Vollstreckung und Abschluss

Nach einem Urteil oder Vergleich kümmern wir uns um die Vollstreckung. Im Maklerrecht geht es um konkrete Geldbeträge – wir stellen sicher, dass Sie das Ihnen Zustehende auch tatsächlich erhalten oder das Unbegründete nicht zahlen müssen.

Häufige Fragen

FAQ – Maklerrecht

Ich habe ein Immobilienexposé erhalten – bin ich damit schon zur Zahlung einer Provision verpflichtet?

Nein, allein durch den Empfang eines Exposés entsteht noch kein Maklervertrag. Voraussetzung ist der Abschluss eines Maklervertrags, der durch ausdrückliche oder konkludente Willenserklärung beider Parteien zustande kommt. Im Wohnimmobilienkauf ist zudem Textform erforderlich (§ 656a BGB). Wenn im Exposé Provisionskonditionen benannt sind und Sie die Maklerleistungen in Anspruch nehmen (z.B. Besichtigung vereinbaren, Rückfragen stellen), kann ein konkludenter Vertragsschluss angenommen werden. Wir klären für Sie im Einzelfall, ob ein wirksamer Maklervertrag entstanden ist.

Der Makler verlangt Provision – ich hatte das Objekt aber schon von anderer Stelle gesehen. Was nun?

Wenn Sie das Objekt bereits kannten, bevor der Makler Ihnen den Nachweis erbracht hat – etwa aus einem anderen Exposé, einem privaten Angebot oder einer früheren Besichtigung – fehlt die Kausalität der Maklertätigkeit. In diesem Fall besteht kein Provisionsanspruch. Sie müssen jedoch beweisen, dass Ihnen das Objekt bereits vorher bekannt war. Sichern Sie entsprechende Beweise (E-Mails, Screenshots, Datumsangaben) und kontaktieren Sie uns sofort.

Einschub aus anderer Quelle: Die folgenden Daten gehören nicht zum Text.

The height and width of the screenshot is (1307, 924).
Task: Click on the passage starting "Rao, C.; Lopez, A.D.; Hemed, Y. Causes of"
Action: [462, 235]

Kann ich einen Maklervertrag widerrufen?

Ja, wenn der Maklervertrag im Fernabsatz abgeschlossen wurde (z.B. per E-Mail, Telefon oder Online-Portal) und Sie als Verbraucher handeln, steht Ihnen ein 14-tägiges Widerrufsrecht zu (§§ 312b, 355 BGB). Wurde keine Widerrufsbelehrung erteilt oder war diese fehlerhaft, verlängert sich das Widerrufsrecht auf ein Jahr und 14 Tage. Wir prüfen, ob ein Widerrufsrecht besteht und erklären den Widerruf fristgerecht und formgerecht.

Ich habe bereits eine Provision gezahlt – kann ich sie zurückfordern?

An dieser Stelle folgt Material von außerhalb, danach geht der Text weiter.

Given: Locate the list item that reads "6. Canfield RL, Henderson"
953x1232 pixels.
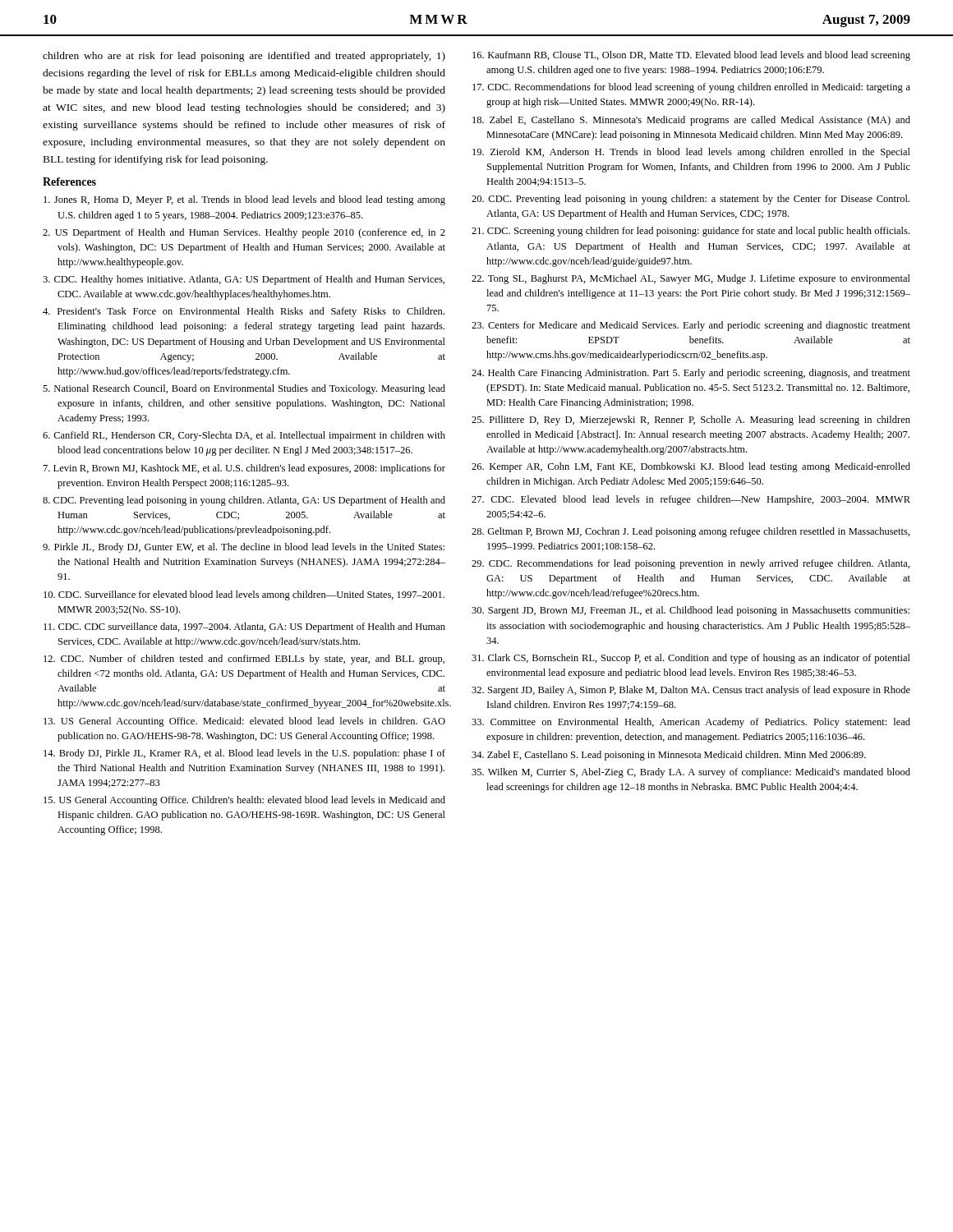Looking at the screenshot, I should [x=244, y=443].

Ja, wenn die Provision zu Unrecht gezahlt wurde – etwa weil kein wirksamer Maklervertrag bestand, die Kausalität fehlte, der Makler das Bestellerprinzip verletzt hat oder die Provisionsüberwälzung nach § 656d BGB unzulässig war – besteht ein Rückforderungsanspruch nach § 812 BGB (ungerechtfertigte Bereicherung). Der Anspruch verjährt in drei Jahren ab Jahresende der Kenntniserlangung. Warten Sie nicht: Wir prüfen Ihren Fall schnell und klären, ob und wie viel zurückgefordert werden kann.

Was ist der Unterschied zwischen Nachweis- und Vermittlungsmakler?

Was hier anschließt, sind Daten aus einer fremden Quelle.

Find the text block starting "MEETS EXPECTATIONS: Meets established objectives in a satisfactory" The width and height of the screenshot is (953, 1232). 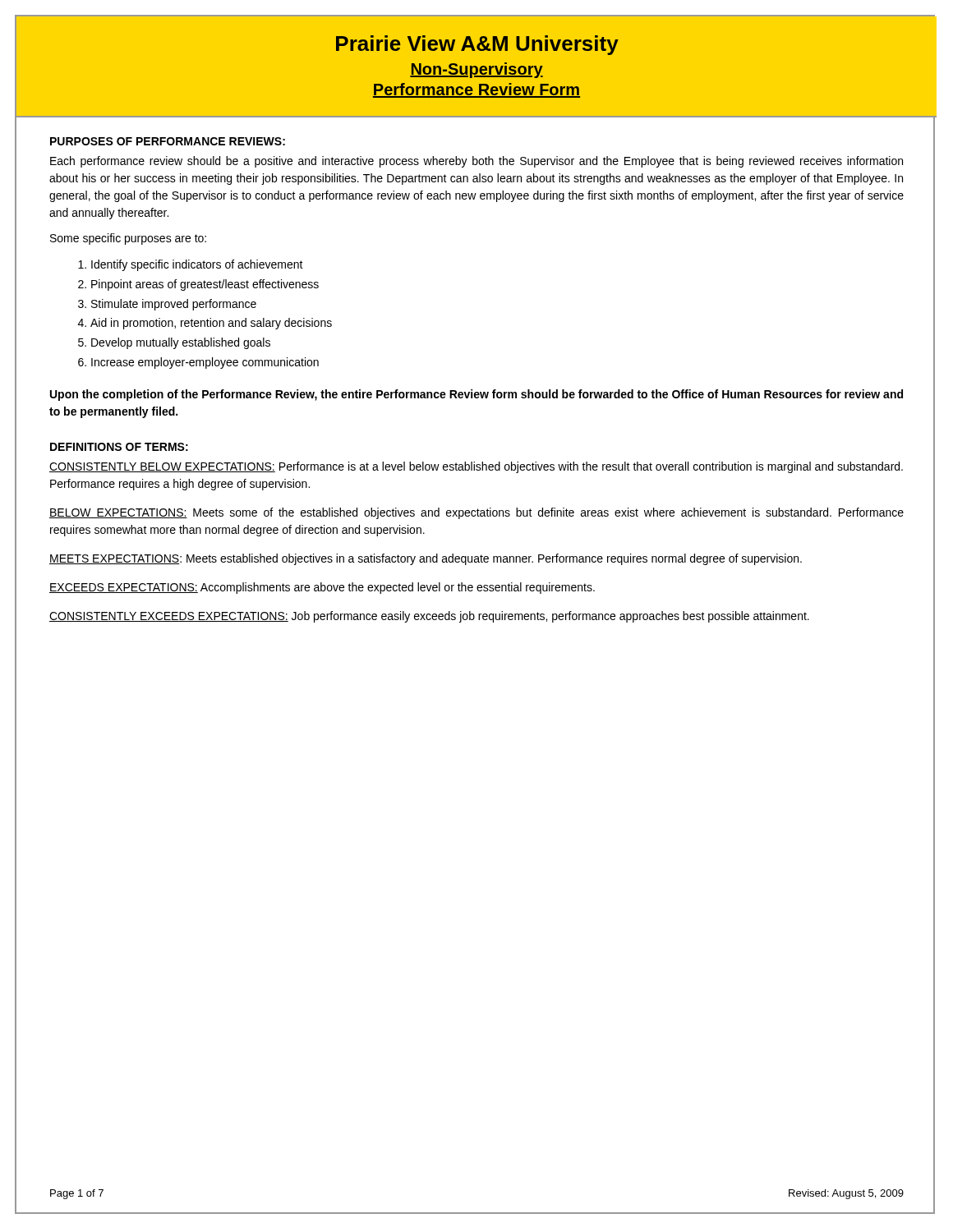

Der Nachweismakler (§ 652 BGB) erhält seine Provision, wenn er dem Auftraggeber die Gelegenheit zum Abschluss des Hauptvertrags nachweist – also den Kontakt zur Vertragspartei herstellt. Der Vermittlungsmakler geht weiter: Er führt aktiv Verhandlungen und ist unmittelbar an der Herbeiführung des Vertragsschlusses beteiligt. In beiden Fällen muss die Tätigkeit kausal für den Vertragsschluss sein. Der Unterschied ist relevant für den Umfang der geschuldeten Maklerleistung und die Frage, ob der Provisionsanspruch entstanden ist.

Darf der Vermieter die Maklerprovision auf den Mieter abwälzen?

Nein – nicht, wenn der Vermieter den Makler beauftragt hat. Das Bestellerprinzip (§ 2 Abs. 1a WoVermRG) verbietet es dem Makler, vom Mieter eine Provision zu verlangen, wenn der Vermieter der Auftraggeber war. Dies gilt auch für Umgehungsgestaltungen wie Aufwandsentschädigungen oder Bearbeitungsgebühren. Verstöße sind bußgeldbewehrt. Hat der Mieter eine solche Provision gezahlt, kann er sie zurückfordern. Wir setzen diese Rückforderungsansprüche durch.

Wie viel Provision kann ein Makler beim Immobilienkauf verlangen?

Im Bereich der Wohnimmobilien gelten die Regelungen der §§ 656b–656d BGB: Werden Käufer und Verkäufer je zur Hälfte zur Provision verpflichtet, ist die häufigste Gestaltung eine Gesamtprovision von 6 % bis 7,14 % des Kaufpreises (inkl. MwSt.), die je zur Hälfte getragen wird. Der Käufer zahlt dann 3 % bis 3,57 %. Im gewerblichen Bereich sind bis zu 5 % zzgl. MwSt. üblich, und die Provision ist frei verhandelbar. Eine Provision, die weit über dem Ortsüblichen liegt oder per AGB einseitig auferlegt wird, kann unwirksam sein.